I haven't checked the prices of home office hardware lately but can you get a decent l2 switch for $25? That sounds like a crappy bridge territory to me.
 

stoney

Part of the unwashed, middle-American horde
Jul 26, 2006
22,001
7,882
Colorado
you need a business line to get those slow speeds via comcast by you? i have their Blast package with a guaranteed speed of 150Mbps/down
You must live somewhere with competition. We have Centurylink that tops at 40mbs and Comcast. That's it; no other options.

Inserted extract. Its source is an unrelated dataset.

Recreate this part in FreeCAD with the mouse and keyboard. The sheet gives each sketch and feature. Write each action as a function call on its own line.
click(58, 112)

Also, cost/speed. Blast (which I have) here is stupid expensive and even though I'm "up to" 200Mbs, speedtest is showing around 25 most often.
 
Last edited:

IH8Rice

I'm Mr. Negative! I Fail!
Aug 2, 2008
24,524
494
Im over here now
You must live somewhere with competition. We have Centurylink that tops at 40mbs and Comcast. That's it; no other options.

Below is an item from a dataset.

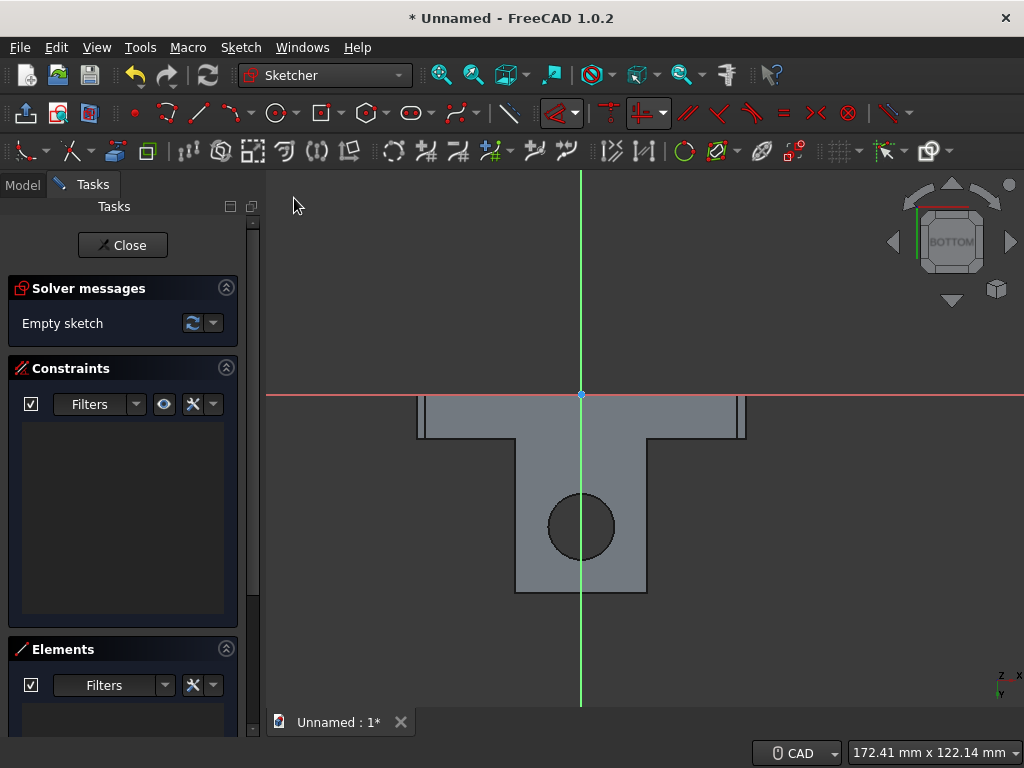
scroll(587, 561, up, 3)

Also, cost/speed. Blast (which I have) here is stupid expensive and even though I'm "up to" 200Mbs, speedtest is showing around 25 most often.
no, theyre the only option i have around here if i want cable modem speeds. i wish their was competition for internets but there isnt.
 

stoney

Part of the unwashed, middle-American horde
Jul 26, 2006
22,001
7,882
Colorado
no, theyre the only option i have around here if i want cable modem speeds. i wish their was competition for internets but there isnt.
The blast here is fast. but it's data capped and not guaranteed speed. Business is not capped and has guaranteed speed. $95 vs. $115 - I'll take the $20 difference, although the required installment fee and required modem level for increase the price over duration.
 

Westy

the teste
Nov 22, 2002
55,966
22,011
Sleazattle
Why the speed requirement?

Are you hosting a live-cam pornhub site or is this some business line factor that I just don't understand?